Eine private Unterhaltung aus dem Schlafzimmer mit fremden Menschen teilen? Oder noch schlimmer: mit Arbeitskollegen? Ein Albtraum, der für Benutzer von Amazons Sprachassistent Alexa letztes Jahr Realität wurde.
Der Lautsprecher namens «Echo», der Auskunft über das Wetter gibt oder sagt, welche Termine anstehen – der aber auch permanent lauscht, was im Haus gesprochen wird –, hatte im vergangenen Jahr einige äusserst unangenehme Datenpannen. Wie sich nun herausstellt, war das jedoch nicht das grösste Problem des Amazon-Geräts. Denn: Hacker konnten sich über eine Schwachstelle in der ersten Generation des Lautsprechers Zugriff auf das Netzwerk verschaffen, in dem er eingeklinkt ist. Über das Einfallstor stand der Weg zu Passwörtern und anderen Daten der Opfer offen. Das zeigten nun Experten der IT-Sicherheitsfirma Eset im slowakischen Bratislava. Auf deren Hinweis hat Amazon reagiert – und die Lücke für 7 Millionen betroffene Geräte geschlossen.
Eset ist eines der führenden Unternehmen im Bereich der Sicherheit im Internet in Europa. Jedes Jahr lädt die Firma Journalisten aus der ganzen Welt an ihren Hauptsitz in der Slowakei. Geradezu dramatisch ist, wie rasant sich die Bedrohungslage im Internet verschärft: Vor drei Jahren warnten die Experten noch vor 1000 neuen Viren, die täglich ihren Weg ins Internet finden. Diese Zahl ist mittlerweile auf 300 000 gestiegen. Grund genug, sich die neuen Gefahren in einer immer dichter vernetzten Welt einmal genauer anzusehen.

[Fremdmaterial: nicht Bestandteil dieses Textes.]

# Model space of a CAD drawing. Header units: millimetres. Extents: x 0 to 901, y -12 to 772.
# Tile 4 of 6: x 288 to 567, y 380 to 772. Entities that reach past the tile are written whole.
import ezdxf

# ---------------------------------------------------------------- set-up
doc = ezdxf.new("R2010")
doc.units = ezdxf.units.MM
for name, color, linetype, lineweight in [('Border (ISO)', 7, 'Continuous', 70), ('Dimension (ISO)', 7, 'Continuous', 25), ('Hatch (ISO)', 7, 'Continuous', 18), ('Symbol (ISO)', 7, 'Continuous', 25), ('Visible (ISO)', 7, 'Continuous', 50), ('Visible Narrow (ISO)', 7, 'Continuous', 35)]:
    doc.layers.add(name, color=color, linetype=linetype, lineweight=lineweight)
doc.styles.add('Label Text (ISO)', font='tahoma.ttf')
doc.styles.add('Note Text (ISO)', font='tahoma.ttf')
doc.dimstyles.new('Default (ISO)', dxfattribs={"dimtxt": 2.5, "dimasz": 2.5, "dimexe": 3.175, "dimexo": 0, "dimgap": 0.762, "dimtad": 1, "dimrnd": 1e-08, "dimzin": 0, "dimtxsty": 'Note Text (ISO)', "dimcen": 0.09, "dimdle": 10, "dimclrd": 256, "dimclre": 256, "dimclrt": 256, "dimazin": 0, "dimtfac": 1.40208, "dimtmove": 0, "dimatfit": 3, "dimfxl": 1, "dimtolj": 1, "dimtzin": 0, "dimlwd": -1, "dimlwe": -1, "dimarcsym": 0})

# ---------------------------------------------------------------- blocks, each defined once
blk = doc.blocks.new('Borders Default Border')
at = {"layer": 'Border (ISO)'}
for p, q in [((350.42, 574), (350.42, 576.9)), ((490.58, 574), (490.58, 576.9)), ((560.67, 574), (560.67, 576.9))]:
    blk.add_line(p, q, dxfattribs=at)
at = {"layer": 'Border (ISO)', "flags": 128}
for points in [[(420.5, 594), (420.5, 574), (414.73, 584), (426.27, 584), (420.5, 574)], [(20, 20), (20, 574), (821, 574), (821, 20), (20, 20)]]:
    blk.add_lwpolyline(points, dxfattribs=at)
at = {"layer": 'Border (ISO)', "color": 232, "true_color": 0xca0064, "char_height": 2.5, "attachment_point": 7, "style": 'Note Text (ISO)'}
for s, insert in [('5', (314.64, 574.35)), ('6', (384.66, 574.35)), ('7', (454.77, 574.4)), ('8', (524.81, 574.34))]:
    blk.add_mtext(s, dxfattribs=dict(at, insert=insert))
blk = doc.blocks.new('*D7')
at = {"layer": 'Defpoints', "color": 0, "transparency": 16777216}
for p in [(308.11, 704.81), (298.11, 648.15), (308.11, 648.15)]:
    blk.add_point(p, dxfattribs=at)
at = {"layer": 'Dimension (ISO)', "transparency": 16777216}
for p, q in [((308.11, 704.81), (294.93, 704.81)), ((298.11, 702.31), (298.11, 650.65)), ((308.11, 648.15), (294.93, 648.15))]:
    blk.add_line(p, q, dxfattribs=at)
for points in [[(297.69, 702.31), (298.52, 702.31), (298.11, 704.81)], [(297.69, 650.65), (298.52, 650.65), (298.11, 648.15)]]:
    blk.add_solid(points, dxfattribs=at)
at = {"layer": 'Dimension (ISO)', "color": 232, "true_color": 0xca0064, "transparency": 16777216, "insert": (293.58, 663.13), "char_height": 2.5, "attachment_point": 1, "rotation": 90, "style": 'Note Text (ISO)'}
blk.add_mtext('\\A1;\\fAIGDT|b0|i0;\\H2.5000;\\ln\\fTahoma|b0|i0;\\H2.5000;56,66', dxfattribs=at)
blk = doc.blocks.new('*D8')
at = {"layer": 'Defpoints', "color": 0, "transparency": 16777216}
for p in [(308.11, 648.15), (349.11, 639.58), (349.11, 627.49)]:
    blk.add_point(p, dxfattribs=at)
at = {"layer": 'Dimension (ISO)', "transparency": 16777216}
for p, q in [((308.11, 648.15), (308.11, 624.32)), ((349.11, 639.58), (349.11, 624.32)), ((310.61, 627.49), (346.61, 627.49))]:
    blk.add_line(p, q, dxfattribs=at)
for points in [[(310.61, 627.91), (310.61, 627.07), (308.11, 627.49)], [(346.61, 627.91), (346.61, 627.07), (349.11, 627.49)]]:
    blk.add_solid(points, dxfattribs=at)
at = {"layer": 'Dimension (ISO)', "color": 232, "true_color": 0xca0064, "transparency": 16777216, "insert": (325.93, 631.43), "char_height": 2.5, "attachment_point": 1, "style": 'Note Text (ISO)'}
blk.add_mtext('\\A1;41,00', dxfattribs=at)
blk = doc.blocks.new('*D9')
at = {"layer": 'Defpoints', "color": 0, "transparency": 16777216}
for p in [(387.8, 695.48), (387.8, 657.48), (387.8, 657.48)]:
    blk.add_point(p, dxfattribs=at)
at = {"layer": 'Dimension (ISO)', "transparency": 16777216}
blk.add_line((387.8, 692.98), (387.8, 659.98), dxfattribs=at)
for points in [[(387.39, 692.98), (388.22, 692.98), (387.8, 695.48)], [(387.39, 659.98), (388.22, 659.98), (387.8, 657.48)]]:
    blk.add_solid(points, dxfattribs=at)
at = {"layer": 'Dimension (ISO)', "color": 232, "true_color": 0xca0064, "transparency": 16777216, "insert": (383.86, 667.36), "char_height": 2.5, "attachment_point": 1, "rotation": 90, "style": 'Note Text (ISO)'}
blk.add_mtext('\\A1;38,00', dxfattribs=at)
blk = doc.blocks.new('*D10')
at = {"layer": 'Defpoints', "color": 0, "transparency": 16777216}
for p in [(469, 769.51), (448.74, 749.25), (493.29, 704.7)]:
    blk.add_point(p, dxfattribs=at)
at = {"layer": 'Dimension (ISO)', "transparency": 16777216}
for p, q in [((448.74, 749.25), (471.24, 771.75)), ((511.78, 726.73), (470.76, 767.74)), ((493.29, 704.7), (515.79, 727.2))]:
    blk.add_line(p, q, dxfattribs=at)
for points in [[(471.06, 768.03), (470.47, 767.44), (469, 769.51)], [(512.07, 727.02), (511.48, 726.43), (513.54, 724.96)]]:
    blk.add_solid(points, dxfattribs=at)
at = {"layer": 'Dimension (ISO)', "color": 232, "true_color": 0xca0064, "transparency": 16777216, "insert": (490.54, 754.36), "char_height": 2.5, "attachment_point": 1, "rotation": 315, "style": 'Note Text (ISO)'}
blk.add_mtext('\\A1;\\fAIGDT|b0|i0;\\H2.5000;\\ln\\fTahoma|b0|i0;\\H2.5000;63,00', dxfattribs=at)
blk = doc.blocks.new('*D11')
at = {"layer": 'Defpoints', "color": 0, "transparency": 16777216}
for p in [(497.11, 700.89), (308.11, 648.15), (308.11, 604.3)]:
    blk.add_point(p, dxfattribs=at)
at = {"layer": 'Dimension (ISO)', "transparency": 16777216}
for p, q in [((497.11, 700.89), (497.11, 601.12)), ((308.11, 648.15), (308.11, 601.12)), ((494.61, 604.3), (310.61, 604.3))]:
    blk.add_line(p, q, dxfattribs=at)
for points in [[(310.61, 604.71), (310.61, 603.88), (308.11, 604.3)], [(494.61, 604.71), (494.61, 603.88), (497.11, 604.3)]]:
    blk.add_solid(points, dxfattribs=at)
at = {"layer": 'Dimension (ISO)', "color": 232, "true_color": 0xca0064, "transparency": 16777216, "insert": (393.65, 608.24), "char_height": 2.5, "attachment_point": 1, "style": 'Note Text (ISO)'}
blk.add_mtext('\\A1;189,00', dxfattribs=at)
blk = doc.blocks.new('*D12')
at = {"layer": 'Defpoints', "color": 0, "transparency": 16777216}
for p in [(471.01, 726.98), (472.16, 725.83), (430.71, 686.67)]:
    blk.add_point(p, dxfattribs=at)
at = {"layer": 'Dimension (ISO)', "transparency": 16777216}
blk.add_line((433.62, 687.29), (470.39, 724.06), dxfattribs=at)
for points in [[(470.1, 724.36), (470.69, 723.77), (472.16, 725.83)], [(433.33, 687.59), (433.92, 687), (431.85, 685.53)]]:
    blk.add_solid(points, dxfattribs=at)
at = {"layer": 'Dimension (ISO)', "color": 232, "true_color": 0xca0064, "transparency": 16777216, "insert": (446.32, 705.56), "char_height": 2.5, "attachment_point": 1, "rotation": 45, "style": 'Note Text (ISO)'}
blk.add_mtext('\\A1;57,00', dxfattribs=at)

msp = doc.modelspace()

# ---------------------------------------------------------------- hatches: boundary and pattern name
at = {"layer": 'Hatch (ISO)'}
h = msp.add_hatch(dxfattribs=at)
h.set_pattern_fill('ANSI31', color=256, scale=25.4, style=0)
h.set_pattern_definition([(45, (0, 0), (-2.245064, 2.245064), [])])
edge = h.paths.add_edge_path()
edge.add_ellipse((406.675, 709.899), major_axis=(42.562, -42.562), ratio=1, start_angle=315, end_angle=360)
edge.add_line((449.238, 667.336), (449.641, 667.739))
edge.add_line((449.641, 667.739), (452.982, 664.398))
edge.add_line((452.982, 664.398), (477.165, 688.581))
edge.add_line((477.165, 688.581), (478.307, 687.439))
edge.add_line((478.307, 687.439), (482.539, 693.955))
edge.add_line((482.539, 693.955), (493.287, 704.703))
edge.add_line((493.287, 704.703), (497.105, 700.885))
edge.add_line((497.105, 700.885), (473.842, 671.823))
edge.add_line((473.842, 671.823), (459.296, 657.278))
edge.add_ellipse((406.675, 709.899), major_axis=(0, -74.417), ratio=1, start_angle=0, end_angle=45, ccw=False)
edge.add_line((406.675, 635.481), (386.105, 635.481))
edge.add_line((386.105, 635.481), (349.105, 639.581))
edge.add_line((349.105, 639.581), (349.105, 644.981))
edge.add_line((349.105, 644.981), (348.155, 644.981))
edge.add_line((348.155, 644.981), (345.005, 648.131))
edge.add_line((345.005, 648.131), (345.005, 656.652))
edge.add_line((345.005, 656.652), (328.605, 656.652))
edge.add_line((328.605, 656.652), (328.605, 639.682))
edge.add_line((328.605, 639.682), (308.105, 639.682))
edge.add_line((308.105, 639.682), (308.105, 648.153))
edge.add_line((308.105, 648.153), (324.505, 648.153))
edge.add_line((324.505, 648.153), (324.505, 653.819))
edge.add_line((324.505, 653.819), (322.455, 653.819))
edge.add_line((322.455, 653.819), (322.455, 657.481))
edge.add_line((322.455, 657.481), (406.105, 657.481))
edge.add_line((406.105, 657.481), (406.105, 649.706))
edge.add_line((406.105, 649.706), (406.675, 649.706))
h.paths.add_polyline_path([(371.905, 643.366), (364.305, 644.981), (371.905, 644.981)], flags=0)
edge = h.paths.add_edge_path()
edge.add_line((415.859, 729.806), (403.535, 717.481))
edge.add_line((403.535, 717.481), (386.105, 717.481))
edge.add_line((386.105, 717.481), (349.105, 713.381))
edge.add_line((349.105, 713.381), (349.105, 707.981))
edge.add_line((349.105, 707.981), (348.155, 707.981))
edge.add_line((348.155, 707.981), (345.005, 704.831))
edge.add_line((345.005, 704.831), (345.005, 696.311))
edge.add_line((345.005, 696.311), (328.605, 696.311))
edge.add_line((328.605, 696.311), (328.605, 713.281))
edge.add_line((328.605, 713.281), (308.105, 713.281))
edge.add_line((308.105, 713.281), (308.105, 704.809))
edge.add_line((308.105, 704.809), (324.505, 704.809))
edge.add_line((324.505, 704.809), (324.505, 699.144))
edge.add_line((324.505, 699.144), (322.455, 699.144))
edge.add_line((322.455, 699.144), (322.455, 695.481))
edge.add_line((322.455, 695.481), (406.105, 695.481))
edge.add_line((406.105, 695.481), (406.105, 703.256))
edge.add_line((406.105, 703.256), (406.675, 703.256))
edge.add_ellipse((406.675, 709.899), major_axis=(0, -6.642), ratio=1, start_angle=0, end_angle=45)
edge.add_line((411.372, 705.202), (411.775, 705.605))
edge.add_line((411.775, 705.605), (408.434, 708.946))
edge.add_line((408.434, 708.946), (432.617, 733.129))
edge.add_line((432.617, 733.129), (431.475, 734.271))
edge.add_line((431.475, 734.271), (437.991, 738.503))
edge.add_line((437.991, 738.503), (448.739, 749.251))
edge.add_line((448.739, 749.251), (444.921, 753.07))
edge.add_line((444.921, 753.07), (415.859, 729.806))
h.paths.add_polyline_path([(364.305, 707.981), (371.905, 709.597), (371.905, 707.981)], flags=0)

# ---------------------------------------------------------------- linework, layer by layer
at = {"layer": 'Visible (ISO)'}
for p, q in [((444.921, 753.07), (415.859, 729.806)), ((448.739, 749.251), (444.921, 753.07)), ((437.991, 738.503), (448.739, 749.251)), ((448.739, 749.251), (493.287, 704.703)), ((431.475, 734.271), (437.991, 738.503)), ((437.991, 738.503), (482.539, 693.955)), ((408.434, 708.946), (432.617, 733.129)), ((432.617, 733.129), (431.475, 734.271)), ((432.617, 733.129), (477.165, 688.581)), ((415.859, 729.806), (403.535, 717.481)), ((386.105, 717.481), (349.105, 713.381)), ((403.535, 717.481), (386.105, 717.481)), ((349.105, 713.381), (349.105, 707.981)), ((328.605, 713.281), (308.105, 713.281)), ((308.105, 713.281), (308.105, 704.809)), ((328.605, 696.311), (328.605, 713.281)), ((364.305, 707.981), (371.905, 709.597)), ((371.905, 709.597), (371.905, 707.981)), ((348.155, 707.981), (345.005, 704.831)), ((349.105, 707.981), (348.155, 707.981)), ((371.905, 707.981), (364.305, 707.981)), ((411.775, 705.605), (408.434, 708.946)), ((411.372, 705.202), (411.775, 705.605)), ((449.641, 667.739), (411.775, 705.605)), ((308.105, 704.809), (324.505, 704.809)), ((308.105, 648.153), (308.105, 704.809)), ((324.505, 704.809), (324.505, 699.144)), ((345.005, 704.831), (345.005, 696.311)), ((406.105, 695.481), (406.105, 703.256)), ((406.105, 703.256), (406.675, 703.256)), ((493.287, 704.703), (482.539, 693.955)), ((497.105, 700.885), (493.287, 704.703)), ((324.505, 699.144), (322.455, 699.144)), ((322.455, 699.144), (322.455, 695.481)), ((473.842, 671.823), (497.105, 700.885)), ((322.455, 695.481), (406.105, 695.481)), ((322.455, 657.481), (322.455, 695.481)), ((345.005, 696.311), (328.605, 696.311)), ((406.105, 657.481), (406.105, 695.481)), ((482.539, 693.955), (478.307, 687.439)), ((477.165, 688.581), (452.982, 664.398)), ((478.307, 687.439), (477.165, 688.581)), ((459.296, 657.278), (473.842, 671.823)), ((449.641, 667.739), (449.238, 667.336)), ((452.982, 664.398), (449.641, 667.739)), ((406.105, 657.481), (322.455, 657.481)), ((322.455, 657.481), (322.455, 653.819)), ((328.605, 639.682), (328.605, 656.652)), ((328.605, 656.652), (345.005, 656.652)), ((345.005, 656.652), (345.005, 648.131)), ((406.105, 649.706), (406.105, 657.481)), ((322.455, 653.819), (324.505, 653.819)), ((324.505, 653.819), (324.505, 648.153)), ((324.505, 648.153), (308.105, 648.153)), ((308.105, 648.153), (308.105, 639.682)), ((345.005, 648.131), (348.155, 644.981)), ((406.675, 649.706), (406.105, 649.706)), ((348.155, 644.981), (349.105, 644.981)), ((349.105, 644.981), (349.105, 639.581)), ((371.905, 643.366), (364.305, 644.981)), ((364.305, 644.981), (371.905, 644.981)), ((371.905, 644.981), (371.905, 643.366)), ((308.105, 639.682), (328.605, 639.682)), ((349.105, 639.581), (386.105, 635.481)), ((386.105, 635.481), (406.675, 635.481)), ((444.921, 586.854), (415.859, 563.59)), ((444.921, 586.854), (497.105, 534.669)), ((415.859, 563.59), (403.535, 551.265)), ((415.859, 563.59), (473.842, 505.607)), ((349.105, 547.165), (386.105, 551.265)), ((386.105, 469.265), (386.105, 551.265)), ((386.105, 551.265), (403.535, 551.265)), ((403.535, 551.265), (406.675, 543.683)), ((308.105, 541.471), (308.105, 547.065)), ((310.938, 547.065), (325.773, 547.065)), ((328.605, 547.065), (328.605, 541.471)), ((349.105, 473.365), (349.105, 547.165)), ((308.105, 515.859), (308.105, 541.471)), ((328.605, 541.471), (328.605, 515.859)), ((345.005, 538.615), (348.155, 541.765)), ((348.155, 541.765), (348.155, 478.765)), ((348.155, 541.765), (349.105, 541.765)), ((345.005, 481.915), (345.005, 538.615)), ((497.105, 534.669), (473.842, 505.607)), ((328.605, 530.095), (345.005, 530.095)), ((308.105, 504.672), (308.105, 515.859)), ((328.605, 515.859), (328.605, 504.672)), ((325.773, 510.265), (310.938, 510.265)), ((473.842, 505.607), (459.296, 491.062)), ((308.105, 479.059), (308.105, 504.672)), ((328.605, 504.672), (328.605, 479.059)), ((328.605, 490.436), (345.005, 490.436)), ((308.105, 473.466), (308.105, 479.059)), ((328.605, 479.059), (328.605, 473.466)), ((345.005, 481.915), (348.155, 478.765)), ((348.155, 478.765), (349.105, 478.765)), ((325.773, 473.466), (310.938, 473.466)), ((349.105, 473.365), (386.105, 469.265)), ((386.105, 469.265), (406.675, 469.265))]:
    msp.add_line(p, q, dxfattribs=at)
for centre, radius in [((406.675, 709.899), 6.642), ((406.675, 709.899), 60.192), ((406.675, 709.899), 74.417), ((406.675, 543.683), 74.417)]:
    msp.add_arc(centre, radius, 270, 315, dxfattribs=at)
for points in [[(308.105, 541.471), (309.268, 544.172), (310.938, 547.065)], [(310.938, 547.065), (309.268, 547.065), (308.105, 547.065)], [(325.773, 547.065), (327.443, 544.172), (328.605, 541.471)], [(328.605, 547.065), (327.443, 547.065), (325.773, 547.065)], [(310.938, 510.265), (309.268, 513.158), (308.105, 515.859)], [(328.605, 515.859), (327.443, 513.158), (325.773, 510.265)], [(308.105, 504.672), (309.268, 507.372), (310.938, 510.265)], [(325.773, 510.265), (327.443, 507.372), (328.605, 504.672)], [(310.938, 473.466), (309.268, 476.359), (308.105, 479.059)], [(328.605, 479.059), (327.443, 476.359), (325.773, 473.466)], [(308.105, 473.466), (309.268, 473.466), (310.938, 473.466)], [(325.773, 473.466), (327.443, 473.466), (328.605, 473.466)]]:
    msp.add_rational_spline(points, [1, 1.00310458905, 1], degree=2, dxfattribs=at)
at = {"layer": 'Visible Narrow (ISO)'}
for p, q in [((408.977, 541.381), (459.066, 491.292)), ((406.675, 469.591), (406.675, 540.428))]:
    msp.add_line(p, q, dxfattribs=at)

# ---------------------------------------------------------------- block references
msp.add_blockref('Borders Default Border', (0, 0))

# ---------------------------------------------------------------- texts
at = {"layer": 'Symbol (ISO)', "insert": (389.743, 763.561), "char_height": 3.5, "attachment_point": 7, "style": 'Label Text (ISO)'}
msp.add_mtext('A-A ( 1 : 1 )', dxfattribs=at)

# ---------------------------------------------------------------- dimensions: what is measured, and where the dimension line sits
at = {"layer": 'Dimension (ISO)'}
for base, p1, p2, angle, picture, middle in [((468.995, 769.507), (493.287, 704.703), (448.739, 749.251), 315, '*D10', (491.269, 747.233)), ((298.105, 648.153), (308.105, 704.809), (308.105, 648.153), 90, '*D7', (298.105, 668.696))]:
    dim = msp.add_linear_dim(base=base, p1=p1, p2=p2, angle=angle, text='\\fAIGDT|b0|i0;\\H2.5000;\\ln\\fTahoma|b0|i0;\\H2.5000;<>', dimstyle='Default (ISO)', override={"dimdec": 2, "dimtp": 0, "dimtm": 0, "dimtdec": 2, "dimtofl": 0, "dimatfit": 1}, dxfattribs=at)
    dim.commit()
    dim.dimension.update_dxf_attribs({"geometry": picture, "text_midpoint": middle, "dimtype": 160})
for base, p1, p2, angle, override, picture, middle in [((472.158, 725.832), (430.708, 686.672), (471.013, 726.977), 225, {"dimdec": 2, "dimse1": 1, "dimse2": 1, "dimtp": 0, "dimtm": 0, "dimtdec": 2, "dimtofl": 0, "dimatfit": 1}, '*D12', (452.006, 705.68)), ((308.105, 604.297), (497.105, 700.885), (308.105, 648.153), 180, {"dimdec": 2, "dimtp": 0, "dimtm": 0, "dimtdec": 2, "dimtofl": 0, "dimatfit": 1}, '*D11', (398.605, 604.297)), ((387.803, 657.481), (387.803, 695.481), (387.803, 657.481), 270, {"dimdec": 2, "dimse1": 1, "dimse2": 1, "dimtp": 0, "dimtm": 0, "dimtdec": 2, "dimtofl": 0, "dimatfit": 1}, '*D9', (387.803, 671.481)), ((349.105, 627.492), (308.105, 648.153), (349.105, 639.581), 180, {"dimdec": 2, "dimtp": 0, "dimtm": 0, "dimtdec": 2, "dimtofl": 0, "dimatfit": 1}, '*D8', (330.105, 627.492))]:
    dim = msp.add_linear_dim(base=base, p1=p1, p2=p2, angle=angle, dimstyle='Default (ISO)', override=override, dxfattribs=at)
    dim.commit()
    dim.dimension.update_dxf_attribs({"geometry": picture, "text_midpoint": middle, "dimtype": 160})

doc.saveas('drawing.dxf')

Die grösste Bedrohung beginnt für Miroslav Trnka ganz weit oben. Immer mehr Regierungen bauten Abteilungen für regelrechte Cyber-Kriege auf. «Schadsoftware wird heute verstärkt von Regierungsbehörden und auch vom Militär produziert», sagt Trnka zur «Schweiz am Wochenende». Der 58-Jährige entdeckte Ende der 80er Jahre gemeinsam mit seinem Kollegen Peter Pasko den ersten Computervirus überhaupt. Nach dem Fall des Eisernen Vorhangs gründeten sie Eset in Bratislava. Heute ist die Firma 1800 Mitarbeiter stark – und Trnka der fünftreichste Slowake. Auch «Fake News» seien Bestandteil dieser neuen, hybriden Kriege, so Trnka.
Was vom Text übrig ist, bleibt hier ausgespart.